Princeton ma niewiele do pokazania dla swojego eksperymentu w „deflacji ocen”, z wyjątkiem nadmuchiwania ocen, które nadal pozostają w tyle za tymi z rówieśniczych instytucji.
Uzyskałem zastrzeżone dane z Biura Dziekana Kolegium na temat 120,000 ocen przyznanych w ciągu ostatnich trzech lat na najwyżej notowanym uniwersytecie w kraju. Potwierdziłem ich dokładność, porównując je z danymi opublikowanymi w niedawnym memorandum.
Dane są ostateczne: nigdy nie było łatwiej dostać piątkę w Princeton.
„Deflacja zadziałała, a potem, kiedy odeszła, nie miała żadnego długoterminowego efektu”, powiedział profesor Paul Courant GS ’74, ekonomista, który oglądał moje statystyki i był współautorem wcześniejszego badania na temat ocen na Uniwersytecie Michigan.
A- było medianą ocen w roku akademickim 2018-2019. 55 proc. ocen z kursów było w przedziale A. W 1998 roku było ich 43 procent, zgodnie z raportem wydziałowym, który otrzymałem z Mudd Manuscript Library.

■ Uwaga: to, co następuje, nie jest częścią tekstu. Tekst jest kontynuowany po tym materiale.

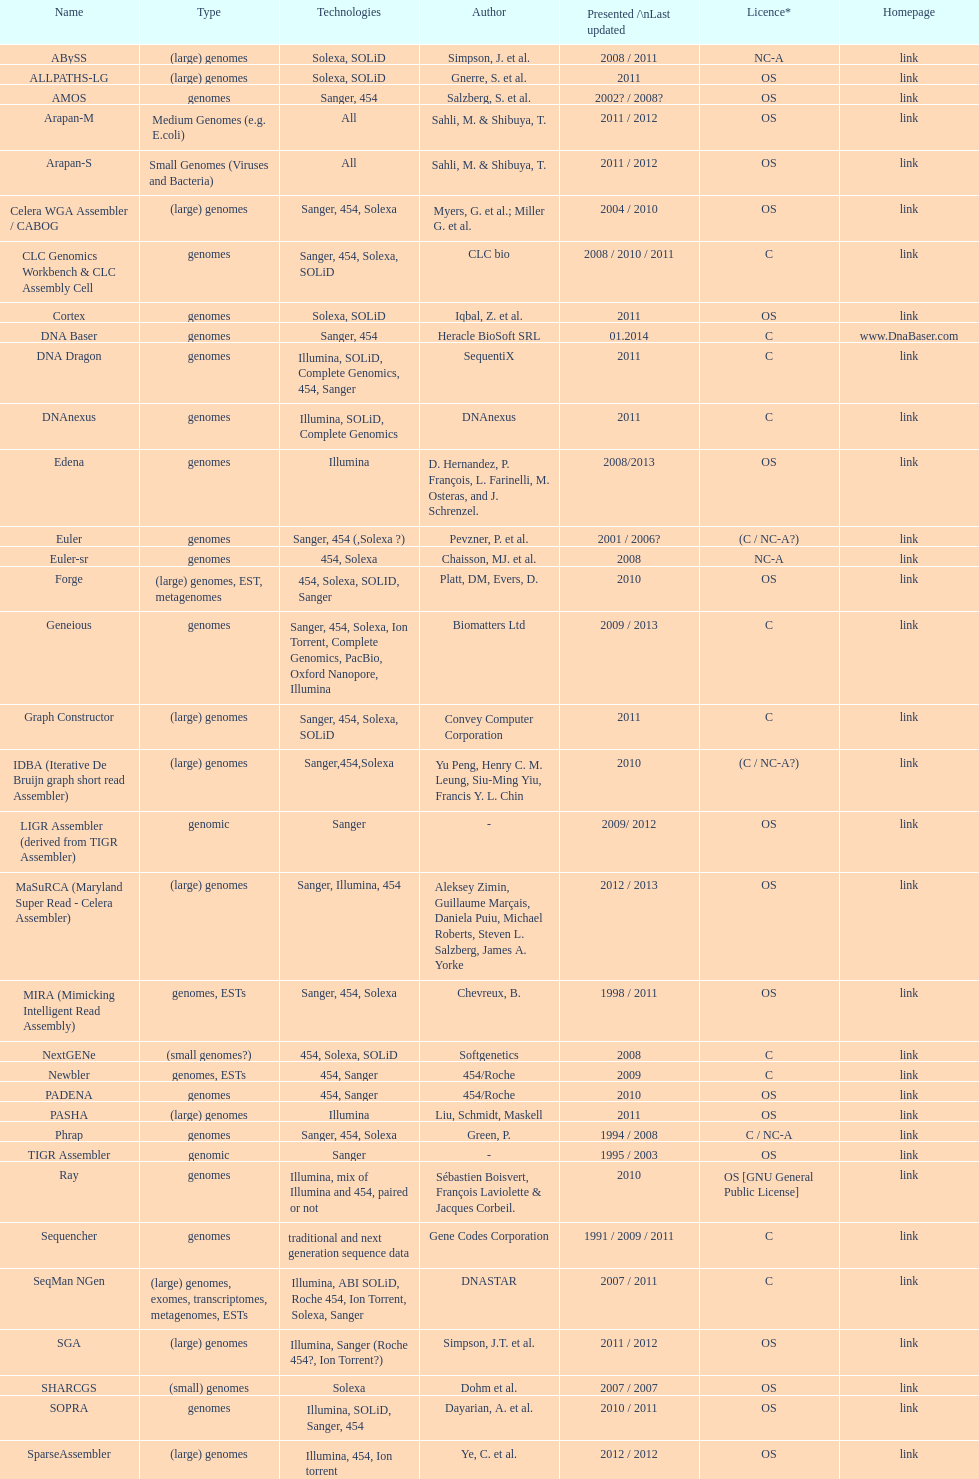What is the aggregate amount of assemblers for medium genome type technologies? 1.

Zakres B obejmował 34 procent, a zakres C – sześć procent. D-ów było zaledwie pół procenta. Szansa Princetonianina na otrzymanie F wynosiła jeden na tysiąc. Pozostałe cztery procent przypadło na „zaliczenia”
Ale mnożenie się szóstek nie jest tak niepokojące, jak to, że studenci, którzy starają się zmaksymalizować swoje średnie ocen (GPA), mogą grać w system. Stopnie są pełne dziwactw. Problem polega na tym, że świat zewnętrzny, który ocenia studentów pod kątem pracy i stypendiów, nie wydaje się wiedzieć lub dbać o te niuanse.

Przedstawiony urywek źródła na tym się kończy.